### Record extracts

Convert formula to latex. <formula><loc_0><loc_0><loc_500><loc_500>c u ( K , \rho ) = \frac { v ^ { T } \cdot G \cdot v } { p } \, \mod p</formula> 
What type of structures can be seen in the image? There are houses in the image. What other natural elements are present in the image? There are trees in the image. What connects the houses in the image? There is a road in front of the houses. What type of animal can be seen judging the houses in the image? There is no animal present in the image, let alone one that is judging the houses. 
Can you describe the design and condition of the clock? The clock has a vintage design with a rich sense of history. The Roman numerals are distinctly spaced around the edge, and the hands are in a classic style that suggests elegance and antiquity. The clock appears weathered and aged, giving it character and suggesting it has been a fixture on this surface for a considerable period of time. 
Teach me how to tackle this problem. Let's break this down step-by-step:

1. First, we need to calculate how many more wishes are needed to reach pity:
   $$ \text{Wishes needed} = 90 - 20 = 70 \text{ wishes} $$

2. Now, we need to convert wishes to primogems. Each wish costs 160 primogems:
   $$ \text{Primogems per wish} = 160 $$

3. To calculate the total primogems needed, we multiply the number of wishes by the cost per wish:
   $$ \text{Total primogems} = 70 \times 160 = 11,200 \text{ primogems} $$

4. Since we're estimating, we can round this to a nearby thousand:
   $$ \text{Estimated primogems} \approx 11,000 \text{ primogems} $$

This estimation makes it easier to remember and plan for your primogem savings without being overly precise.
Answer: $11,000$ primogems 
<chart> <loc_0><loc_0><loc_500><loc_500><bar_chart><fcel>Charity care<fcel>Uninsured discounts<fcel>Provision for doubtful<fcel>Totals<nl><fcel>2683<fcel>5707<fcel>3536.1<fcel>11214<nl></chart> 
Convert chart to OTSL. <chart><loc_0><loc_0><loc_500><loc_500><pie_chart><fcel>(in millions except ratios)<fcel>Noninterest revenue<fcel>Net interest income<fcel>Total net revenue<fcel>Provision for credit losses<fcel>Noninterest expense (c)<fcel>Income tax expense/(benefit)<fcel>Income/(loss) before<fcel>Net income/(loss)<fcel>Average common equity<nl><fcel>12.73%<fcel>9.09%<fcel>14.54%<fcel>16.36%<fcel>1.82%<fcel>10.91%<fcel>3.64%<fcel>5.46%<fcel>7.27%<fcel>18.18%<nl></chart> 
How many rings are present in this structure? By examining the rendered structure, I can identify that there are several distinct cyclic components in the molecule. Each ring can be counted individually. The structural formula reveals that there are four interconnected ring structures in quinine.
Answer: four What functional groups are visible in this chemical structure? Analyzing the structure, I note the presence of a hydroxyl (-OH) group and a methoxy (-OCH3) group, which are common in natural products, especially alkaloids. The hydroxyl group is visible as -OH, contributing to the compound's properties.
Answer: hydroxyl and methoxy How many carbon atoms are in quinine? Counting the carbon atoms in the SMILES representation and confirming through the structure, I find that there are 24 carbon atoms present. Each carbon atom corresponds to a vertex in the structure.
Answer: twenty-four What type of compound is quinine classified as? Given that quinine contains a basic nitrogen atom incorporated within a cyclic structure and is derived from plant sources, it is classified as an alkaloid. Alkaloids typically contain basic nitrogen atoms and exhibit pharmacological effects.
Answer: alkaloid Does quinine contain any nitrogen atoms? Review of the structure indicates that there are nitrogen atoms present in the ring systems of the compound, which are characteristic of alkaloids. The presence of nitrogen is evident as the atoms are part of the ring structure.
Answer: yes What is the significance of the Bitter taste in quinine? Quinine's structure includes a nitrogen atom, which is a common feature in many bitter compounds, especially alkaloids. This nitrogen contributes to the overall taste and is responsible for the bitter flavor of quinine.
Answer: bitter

### What to work on
Once the listing above has been read, restate it exactly.

### Solution to this problem
Convert formula to latex. <formula><loc_0><loc_0><loc_500><loc_500>c u ( K , \rho ) = \frac { v ^ { T } \cdot G \cdot v } { p } \, \mod p</formula> 
What type of structures can be seen in the image? There are houses in the image. What other natural elements are present in the image? There are trees in the image. What connects the houses in the image? There is a road in front of the houses. What type of animal can be seen judging the houses in the image? There is no animal present in the image, let alone one that is judging the houses. 
Can you describe the design and condition of the clock? The clock has a vintage design with a rich sense of history. The Roman numerals are distinctly spaced around the edge, and the hands are in a classic style that suggests elegance and antiquity. The clock appears weathered and aged, giving it character and suggesting it has been a fixture on this surface for a considerable period of time. 
Teach me how to tackle this problem. Let's break this down step-by-step:

1. First, we need to calculate how many more wishes are needed to reach pity:
   $$ \text{Wishes needed} = 90 - 20 = 70 \text{ wishes} $$

2. Now, we need to convert wishes to primogems. Each wish costs 160 primogems:
   $$ \text{Primogems per wish} = 160 $$

3. To calculate the total primogems needed, we multiply the number of wishes by the cost per wish:
   $$ \text{Total primogems} = 70 \times 160 = 11,200 \text{ primogems} $$

4. Since we're estimating, we can round this to a nearby thousand:
   $$ \text{Estimated primogems} \approx 11,000 \text{ primogems} $$

This estimation makes it easier to remember and plan for your primogem savings without being overly precise.
Answer: $11,000$ primogems 
<chart> <loc_0><loc_0><loc_500><loc_500><bar_chart><fcel>Charity care<fcel>Uninsured discounts<fcel>Provision for doubtful<fcel>Totals<nl><fcel>2683<fcel>5707<fcel>3536.1<fcel>11214<nl></chart> 
Convert chart to OTSL. <chart><loc_0><loc_0><loc_500><loc_500><pie_chart><fcel>(in millions except ratios)<fcel>Noninterest revenue<fcel>Net interest income<fcel>Total net revenue<fcel>Provision for credit losses<fcel>Noninterest expense (c)<fcel>Income tax expense/(benefit)<fcel>Income/(loss) before<fcel>Net income/(loss)<fcel>Average common equity<nl><fcel>12.73%<fcel>9.09%<fcel>14.54%<fcel>16.36%<fcel>1.82%<fcel>10.91%<fcel>3.64%<fcel>5.46%<fcel>7.27%<fcel>18.18%<nl></chart> 
How many rings are present in this structure? By examining the rendered structure, I can identify that there are several distinct cyclic components in the molecule. Each ring can be counted individually. The structural formula reveals that there are four interconnected ring structures in quinine.
Answer: four What functional groups are visible in this chemical structure? Analyzing the structure, I note the presence of a hydroxyl (-OH) group and a methoxy (-OCH3) group, which are common in natural products, especially alkaloids. The hydroxyl group is visible as -OH, contributing to the compound's properties.
Answer: hydroxyl and methoxy How many carbon atoms are in quinine? Counting the carbon atoms in the SMILES representation and confirming through the structure, I find that there are 24 carbon atoms present. Each carbon atom corresponds to a vertex in the structure.
Answer: twenty-four What type of compound is quinine classified as? Given that quinine contains a basic nitrogen atom incorporated within a cyclic structure and is derived from plant sources, it is classified as an alkaloid. Alkaloids typically contain basic nitrogen atoms and exhibit pharmacological effects.
Answer: alkaloid Does quinine contain any nitrogen atoms? Review of the structure indicates that there are nitrogen atoms present in the ring systems of the compound, which are characteristic of alkaloids. The presence of nitrogen is evident as the atoms are part of the ring structure.
Answer: yes What is the significance of the Bitter taste in quinine? Quinine's structure includes a nitrogen atom, which is a common feature in many bitter compounds, especially alkaloids. This nitrogen contributes to the overall taste and is responsible for the bitter flavor of quinine.
Answer: bitter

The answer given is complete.